- Work required
Copying task for the records below: reproduce each one exactly and drop the pictures.

- Input data
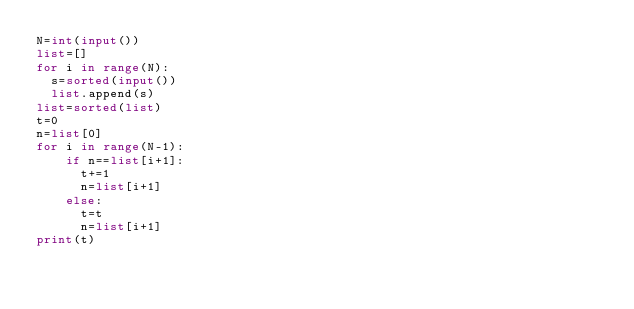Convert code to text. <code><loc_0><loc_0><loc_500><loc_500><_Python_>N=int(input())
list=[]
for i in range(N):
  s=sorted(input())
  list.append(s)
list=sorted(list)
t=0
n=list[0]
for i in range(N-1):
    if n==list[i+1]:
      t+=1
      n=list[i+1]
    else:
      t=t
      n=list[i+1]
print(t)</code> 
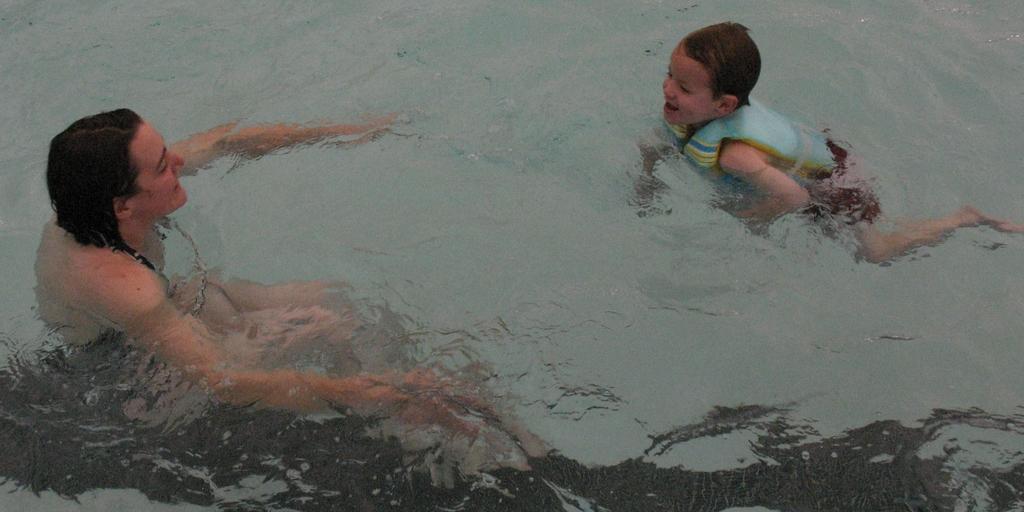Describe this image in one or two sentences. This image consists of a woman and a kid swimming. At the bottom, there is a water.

- Response below
Convert code to text. <code><loc_0><loc_0><loc_500><loc_500><_Python_>N=int(input())
list=[]
for i in range(N):
  s=sorted(input())
  list.append(s)
list=sorted(list)
t=0
n=list[0]
for i in range(N-1):
    if n==list[i+1]:
      t+=1
      n=list[i+1]
    else:
      t=t
      n=list[i+1]
print(t)</code> 
Describe this image in one or two sentences. This image consists of a woman and a kid swimming. At the bottom, there is a water.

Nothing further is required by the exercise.